Hillary’s War: Clinton credited with key role in success of NATO airstrikes, Libyan rebels

Secretary of State Hillary Rodham Clinton at the US Embassy in Berlin, April 15, 2011.

From Joby Warrick, the Washington Post:   At 5:45 p.m. on March 19, three hours before the official start of the air campaign over Libya, four French Rafale jet fighters streaked across the Mediterranean coastline to attack a column of tanks heading toward the rebel city of Benghazi. The jets quickly obliterated their targets — and in doing so nearly upended the international alliance coming to Benghazi’s rescue.

France’s head start on the air war infuriated Italy’s prime minister, who accused Paris of upstaging NATO. Silvio Berlusconi warned darkly of cutting access to Italian air bases vital to the alliance’s warplanes.

“It nearly broke up the coalition,” said a European diplomat who had a front-row seat to the events and who spoke on the condition of anonymity to discuss sensitive matters between allies. Yet the rift was quickly patched, thanks to a frenzied but largely unseen lobbying effort that kept the coalition from unraveling in its opening hours.

“That,” the diplomat said, “was Hillary. . . .”

 
Keeping alliance together
 
The French air attack that so angered the Italians two days later grew from French President Nicolas Sarkozy’s desire to launch an early, symbolic strike before the official start of the campaign. The White House did not object — Sarkozy had been a key advocate of military intervention, and French leadership on Libya had boosted the president’s popularity at home.
 
But the other allies were wary.

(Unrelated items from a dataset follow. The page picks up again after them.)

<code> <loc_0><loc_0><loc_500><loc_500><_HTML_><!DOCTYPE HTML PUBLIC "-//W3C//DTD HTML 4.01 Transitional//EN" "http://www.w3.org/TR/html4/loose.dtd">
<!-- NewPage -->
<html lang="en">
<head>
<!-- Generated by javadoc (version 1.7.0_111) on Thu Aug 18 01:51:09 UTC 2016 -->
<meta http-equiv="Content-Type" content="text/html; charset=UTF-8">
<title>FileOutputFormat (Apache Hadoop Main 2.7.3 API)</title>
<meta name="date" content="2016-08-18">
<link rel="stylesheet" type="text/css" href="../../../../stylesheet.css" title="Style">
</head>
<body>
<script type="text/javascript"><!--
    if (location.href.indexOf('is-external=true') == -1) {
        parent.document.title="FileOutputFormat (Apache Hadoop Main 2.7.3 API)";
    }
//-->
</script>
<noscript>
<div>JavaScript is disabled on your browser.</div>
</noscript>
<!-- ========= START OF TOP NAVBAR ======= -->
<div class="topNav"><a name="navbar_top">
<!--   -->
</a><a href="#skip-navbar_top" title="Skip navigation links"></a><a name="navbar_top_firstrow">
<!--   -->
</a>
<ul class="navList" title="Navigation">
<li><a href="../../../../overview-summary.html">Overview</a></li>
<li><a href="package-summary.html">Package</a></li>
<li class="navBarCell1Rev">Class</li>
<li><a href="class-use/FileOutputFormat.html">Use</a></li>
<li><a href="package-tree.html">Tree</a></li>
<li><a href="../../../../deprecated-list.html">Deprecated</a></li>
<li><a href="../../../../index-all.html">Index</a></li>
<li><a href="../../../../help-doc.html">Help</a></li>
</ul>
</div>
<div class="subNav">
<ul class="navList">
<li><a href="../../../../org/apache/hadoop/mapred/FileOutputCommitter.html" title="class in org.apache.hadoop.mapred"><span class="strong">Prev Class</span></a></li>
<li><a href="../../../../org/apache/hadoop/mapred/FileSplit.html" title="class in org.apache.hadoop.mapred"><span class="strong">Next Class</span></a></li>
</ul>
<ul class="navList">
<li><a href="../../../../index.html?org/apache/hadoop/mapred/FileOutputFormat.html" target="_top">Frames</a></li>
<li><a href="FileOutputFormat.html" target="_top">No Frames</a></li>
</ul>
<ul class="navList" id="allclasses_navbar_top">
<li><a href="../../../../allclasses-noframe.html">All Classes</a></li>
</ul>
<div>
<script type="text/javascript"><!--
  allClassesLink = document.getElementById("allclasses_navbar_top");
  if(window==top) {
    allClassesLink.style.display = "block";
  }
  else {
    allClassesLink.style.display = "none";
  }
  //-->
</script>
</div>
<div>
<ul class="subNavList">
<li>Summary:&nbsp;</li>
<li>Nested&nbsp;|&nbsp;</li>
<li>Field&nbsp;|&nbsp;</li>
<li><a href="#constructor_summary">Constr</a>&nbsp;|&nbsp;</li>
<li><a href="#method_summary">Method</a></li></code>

France had floated the idea of a command structure distinct from NATO that would include some Arab countries while excluding Germany and other opponents of intervention. Italy and Turkey, meanwhile, insisted on NATO control and threatened to boycott any other arrangement.
 
The early French attack deepened suspicions by the two countries that Sarkozy harbored “hidden agendas,” as Turkish President Abdullah Gul later said. French officials countered that NATO was too divided and ill-prepared to move quickly enough to help the rebels.
 
With the alliance threatening to unravel, Clinton focused on damage control. She spent hours on the phone and in person with Berlusconi and Italian Foreign Minister Franco Frattini, who eventually played crucial roles in providing air bases as staging grounds for attacks.
 
The details of the military command were ultimately decided in a four-way conference call with Clinton, French Foreign Minister Alain Juppe, British Foreign Secretary William Hague and Turkish Foreign Minister Ahmet Davutoglu.
 
Yet even as that conflict cooled, another one was erupting.
 
Several Arab states, including Qatar, the United Arab Emirates and Jordan, had agreed to supply warplanes and pilots to the coalition in a symbolic show of support by Muslim countries for military action against Libya.
 
But three days into the bombing campaign, the Arabs appeared to be backing away, concerned by the possibility of a backlash in their own countries and angered by U.S. criticism of the Saudi-led military intervention in Bahrain to put down an uprising there. By March 24, Qatar’s four promised jets still had not yet made an appearance over Libya, and the United Arab Emirates and Jordan had announced that they would provide only humanitarian assistance.
 
In a bid to woo the Arabs back into the alliance, Clinton spoke at length by phone with Sheik Hamad Bin Jasim al-Thani, the Qatari foreign minister, while also making repeated calls to the UAE’s Sheik Abdullah bin Zayed al-Nahyan and to Jordan’s King Abdullah II.
 
“This is important to the United States, it’s important to the president, and it’s important to me personally,” Clinton told Arab leaders, according to one of the State Department officials.
 
On March 25, Qatari-flagged Mirage 2000 jets flew their first sorties over Libya. All three countries eventually would supply military aircraft and experienced pilots to the Libyan campaign.
 
Getting past stalemate
 
The NATO-led air campaign quickly pushed Gaddafi’s forces from Benghazi. But by May, the alliance’s planes were patrolling front lines that barely moved.
 
In Washington and in Europe, the word “stalemate” began to creep into opinion columns as lawmakers, skeptical of U.S. policy in Libya, began threatening to block funds for military operations there. Meanwhile, a cash crunch also loomed for the rebels, who were unable to sell oil and were legally blocked from tapping into Gaddafi’s overseas bank accounts. By early July, they had run out of money for weapons, food and other critical supplies.
 
Clinton, ignoring the advice of the State Department’s lawyers, convinced Obama to grant full diplomatic recognition to the rebels, a move that allowed the Libyans access to billions of dollars from Gaddafi’s frozen accounts. At a meeting in Istanbul on July 15, she pressed 30 other Western and Arab governments to make the same declaration.
 
“She brought everyone over at once,” said a Western diplomat who attended the Istanbul meeting.
 
Tripoli fell five weeks later, after a relatively small U.S. expenditure of $1 billion and with no regular U.S. troops on the ground. In the air campaign, U.S. jets flew less than a third of the missions but supplied critical support in air refueling, surveillance and logistics for sorties flown by more than a dozen other nations.   (photo: AP)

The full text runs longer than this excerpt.